Сила и нежность - это для красавиц. Тут у Левика много розового, девичьего. Всё романтично, душисто, очень красиво. Какие ведьмы, какие ужасы? Не надо о плохом. Он виновато заглядывает в глаза, извиняясь, что приходится неприятностью смерти портить вечер, настроение, стихотворение.

А Блок?

Что в силах равно передать гейневское Gewaltige Melodei? Просто сила? Нет. Нежность? Нет. Тревога? Да, тревога, но что-то должно быть ещё.


У Блока тональность стиха зловещая, темная, густо-зеленая, в главных деталях стих непрерывно насыщается трагизмом.

У Левика лодочник погибает как бы понарошку, и только для того, чтобы сбылся стих. Не Левик губит его. Переводчик говорит со стороны, мягко, он не верит в страшное, и нам не советует верить. Эта смерть в водовороте гладка и напевна; лодочник и не гибнет по-настоящему, даже здесь все завуалировано под красоту:

        ...река, свирепея,
        Навеки сомкнется над ним.

"Сомкнется" - жест мирный, убаюкивающий. Это не смерть, а обретение колыбели. Вот-вот, и появится дама в чепчике...

Ни в чем здесь нет ни правды, ни чутья!


Но зато там, где требуется обработать детали, Левик решителен и мудр.

        Гейне: Den Schiffer im kleinen Schiffe
        У Левика просто: гребец;
        У Блока: пловец на лодочке малой.

Левик смело вырезал вообще маленькую лодку (im kleinen Schiffe), оставив только "гребца" - и это хорошо.

Что ни пиши, все будет лучше "пловца на лодочке малой" Блока! Во-первых, почему "пловец"? Пловец загребает руками, гребец - веслом.

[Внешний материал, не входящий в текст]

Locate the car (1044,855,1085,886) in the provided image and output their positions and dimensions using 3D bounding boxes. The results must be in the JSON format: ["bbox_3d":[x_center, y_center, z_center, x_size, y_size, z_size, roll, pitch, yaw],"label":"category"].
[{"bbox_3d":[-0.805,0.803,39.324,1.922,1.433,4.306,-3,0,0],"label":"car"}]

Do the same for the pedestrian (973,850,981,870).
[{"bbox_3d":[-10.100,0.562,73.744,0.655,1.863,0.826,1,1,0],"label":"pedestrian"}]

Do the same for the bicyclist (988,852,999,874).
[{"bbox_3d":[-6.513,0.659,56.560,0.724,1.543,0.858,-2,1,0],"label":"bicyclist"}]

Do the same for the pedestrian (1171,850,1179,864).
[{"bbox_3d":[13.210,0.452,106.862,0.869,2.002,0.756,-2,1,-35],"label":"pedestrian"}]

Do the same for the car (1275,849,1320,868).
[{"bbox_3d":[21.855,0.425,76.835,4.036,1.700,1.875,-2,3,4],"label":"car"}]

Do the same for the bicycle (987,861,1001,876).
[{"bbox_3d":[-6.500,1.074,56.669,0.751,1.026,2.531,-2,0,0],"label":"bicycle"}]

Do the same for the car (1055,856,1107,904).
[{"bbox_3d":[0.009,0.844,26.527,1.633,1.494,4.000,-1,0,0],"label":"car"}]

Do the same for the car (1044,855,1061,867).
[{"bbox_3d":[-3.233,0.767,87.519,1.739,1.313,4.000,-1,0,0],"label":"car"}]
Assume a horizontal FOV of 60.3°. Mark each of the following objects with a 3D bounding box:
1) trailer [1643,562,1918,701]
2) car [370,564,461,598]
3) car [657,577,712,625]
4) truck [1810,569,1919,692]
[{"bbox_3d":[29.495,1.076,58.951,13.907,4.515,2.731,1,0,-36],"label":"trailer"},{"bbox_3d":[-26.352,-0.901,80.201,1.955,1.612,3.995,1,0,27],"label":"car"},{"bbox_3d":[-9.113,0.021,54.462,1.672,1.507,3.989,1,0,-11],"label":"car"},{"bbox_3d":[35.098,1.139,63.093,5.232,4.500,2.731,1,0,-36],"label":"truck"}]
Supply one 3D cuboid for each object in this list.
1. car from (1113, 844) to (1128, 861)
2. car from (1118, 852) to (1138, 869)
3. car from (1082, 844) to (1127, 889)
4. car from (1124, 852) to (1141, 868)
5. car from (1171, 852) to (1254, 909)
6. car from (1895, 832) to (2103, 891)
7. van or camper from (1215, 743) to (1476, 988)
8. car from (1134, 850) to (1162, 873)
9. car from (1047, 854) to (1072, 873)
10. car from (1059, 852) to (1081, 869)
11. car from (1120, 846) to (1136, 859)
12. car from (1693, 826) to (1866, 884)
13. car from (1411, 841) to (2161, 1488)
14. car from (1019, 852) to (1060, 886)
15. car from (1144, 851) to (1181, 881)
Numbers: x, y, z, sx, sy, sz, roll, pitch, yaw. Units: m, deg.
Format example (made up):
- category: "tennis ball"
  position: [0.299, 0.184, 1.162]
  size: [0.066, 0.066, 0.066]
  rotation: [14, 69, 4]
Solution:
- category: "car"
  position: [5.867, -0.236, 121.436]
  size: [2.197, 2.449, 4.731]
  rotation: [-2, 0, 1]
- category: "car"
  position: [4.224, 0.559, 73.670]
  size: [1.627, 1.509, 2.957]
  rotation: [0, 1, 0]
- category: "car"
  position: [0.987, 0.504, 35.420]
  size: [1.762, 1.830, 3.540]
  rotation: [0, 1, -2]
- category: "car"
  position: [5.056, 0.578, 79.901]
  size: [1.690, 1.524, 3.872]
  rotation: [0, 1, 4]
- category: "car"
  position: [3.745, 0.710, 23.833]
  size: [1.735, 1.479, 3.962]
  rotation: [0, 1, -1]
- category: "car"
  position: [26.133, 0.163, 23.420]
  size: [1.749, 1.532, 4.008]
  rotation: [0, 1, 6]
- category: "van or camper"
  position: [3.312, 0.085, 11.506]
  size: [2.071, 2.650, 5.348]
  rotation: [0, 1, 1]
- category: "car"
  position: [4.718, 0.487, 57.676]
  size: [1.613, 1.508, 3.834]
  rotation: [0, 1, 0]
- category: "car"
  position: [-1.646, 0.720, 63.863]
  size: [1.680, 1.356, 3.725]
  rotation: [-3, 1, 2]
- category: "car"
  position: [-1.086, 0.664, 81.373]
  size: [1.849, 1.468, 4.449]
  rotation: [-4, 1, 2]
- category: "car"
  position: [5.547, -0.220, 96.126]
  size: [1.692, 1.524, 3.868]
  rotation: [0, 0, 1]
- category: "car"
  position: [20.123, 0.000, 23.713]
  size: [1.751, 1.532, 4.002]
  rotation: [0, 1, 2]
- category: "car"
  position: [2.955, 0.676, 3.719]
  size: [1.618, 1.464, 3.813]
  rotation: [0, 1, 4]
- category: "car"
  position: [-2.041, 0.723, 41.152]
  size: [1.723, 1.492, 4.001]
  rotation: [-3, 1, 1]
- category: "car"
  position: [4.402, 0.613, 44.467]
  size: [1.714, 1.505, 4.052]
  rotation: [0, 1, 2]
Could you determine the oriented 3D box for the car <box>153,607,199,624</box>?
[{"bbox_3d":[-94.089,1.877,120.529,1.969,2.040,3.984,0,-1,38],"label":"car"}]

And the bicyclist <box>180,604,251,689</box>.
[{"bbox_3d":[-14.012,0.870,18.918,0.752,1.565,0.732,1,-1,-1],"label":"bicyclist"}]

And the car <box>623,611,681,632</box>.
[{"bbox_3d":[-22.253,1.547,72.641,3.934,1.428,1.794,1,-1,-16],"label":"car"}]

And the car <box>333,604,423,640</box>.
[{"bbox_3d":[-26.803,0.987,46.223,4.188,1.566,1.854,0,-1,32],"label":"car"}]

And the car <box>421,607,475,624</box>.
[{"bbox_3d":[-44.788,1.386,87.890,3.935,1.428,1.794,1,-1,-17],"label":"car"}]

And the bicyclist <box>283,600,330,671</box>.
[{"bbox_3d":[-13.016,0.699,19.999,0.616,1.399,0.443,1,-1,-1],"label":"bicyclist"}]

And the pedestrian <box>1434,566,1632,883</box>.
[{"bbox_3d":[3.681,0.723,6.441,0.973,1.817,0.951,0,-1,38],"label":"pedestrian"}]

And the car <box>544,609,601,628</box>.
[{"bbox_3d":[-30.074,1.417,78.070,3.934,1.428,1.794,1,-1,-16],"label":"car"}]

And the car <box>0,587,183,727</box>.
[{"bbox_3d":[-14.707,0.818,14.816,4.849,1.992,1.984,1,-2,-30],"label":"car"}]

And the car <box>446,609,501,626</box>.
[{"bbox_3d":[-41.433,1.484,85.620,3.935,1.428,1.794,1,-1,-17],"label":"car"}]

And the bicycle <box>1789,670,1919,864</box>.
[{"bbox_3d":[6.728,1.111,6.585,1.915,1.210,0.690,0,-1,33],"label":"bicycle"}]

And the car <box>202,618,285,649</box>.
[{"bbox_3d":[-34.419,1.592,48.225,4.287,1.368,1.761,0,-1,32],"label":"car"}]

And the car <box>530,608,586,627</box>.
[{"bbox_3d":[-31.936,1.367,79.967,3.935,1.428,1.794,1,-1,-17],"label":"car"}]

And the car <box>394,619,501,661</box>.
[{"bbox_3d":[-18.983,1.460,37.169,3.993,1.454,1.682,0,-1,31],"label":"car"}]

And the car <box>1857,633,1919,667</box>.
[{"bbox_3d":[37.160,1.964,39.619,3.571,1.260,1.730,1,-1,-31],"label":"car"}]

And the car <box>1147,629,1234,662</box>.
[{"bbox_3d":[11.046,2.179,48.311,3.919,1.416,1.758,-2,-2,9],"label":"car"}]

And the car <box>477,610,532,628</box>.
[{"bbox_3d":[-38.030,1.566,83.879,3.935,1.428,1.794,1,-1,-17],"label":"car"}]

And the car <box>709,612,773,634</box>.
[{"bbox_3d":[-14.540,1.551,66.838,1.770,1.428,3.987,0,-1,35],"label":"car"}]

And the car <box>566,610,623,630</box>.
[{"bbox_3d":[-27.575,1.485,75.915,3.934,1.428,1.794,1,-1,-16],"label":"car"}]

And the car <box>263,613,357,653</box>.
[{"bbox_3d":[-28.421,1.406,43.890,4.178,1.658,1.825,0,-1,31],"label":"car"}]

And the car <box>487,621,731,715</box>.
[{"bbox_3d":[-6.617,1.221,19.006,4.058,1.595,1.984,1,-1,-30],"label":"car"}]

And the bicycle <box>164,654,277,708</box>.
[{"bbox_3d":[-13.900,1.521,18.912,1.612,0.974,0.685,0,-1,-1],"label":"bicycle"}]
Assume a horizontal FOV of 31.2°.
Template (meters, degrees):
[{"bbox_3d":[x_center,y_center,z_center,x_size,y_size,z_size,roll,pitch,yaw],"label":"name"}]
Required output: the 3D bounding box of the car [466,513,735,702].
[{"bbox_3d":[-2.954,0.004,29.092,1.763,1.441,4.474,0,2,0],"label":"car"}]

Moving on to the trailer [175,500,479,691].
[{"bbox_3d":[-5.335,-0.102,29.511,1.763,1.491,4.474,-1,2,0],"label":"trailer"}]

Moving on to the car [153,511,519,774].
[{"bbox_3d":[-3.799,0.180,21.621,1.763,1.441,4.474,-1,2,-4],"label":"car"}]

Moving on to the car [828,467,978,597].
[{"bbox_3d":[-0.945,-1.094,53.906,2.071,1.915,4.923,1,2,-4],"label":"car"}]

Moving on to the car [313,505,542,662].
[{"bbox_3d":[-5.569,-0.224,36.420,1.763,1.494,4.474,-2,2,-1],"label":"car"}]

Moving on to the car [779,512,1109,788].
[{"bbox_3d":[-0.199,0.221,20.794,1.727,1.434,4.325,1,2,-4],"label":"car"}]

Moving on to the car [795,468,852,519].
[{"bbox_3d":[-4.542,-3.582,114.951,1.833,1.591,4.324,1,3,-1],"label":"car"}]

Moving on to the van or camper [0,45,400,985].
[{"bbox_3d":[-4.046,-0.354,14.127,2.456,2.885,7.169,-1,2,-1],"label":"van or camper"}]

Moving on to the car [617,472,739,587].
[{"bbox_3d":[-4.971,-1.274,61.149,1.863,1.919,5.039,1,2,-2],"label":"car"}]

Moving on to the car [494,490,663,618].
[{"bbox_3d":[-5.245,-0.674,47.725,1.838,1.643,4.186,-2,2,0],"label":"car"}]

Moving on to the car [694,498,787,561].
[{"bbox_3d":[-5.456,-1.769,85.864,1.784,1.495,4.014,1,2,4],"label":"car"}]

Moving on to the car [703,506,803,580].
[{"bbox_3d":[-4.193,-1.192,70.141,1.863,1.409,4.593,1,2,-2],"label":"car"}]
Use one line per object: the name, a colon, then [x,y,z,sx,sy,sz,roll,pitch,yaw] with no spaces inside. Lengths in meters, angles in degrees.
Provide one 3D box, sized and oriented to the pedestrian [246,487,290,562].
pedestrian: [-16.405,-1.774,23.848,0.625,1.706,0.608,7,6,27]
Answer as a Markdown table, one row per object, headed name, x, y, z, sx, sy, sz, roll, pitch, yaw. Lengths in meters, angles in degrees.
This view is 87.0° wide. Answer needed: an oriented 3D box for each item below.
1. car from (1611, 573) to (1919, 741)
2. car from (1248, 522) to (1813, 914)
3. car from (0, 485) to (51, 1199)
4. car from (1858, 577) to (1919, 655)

Во-вторых, почему "лодочка"? Так ли она игрушечно мала, если в конце ее называют Kahn и волны утаскивают ее на дно:

        ...die Wellen verschlingen
        Am Ende Schiffer und Kahn?

Слышащий сокровенное спотыкается на ровных местах - грациозных тонкостях деталей. Профессиональный переводчик может, в свою очередь, загубить глубинный умысел вещи. Что выбрать? Искать самому.


Лорелеи Блока и Левика разнятся не в деталях, их разделяет более существенное. Владея великим из искусств современности - искусством закруглений, можно найти родственное в "Трёх поросятах" и "Медном всаднике" и порассуждать над этим. Бог знает, не окажется ли меж ними чего-нибудь такого, что породнит их, но уж точно никакими силами не связать две рядом стоящие "Лорелеи"!

Они разные. Они знать не знают друг о дружке.


Блок дал в переводе немецкое звучание гейневского стихотворения, этот перевод - этнический немец. Левик сделал из Гейне удобный для русского слуха песенный вариант, обрусил немца и тем самым обессмертил свой труд.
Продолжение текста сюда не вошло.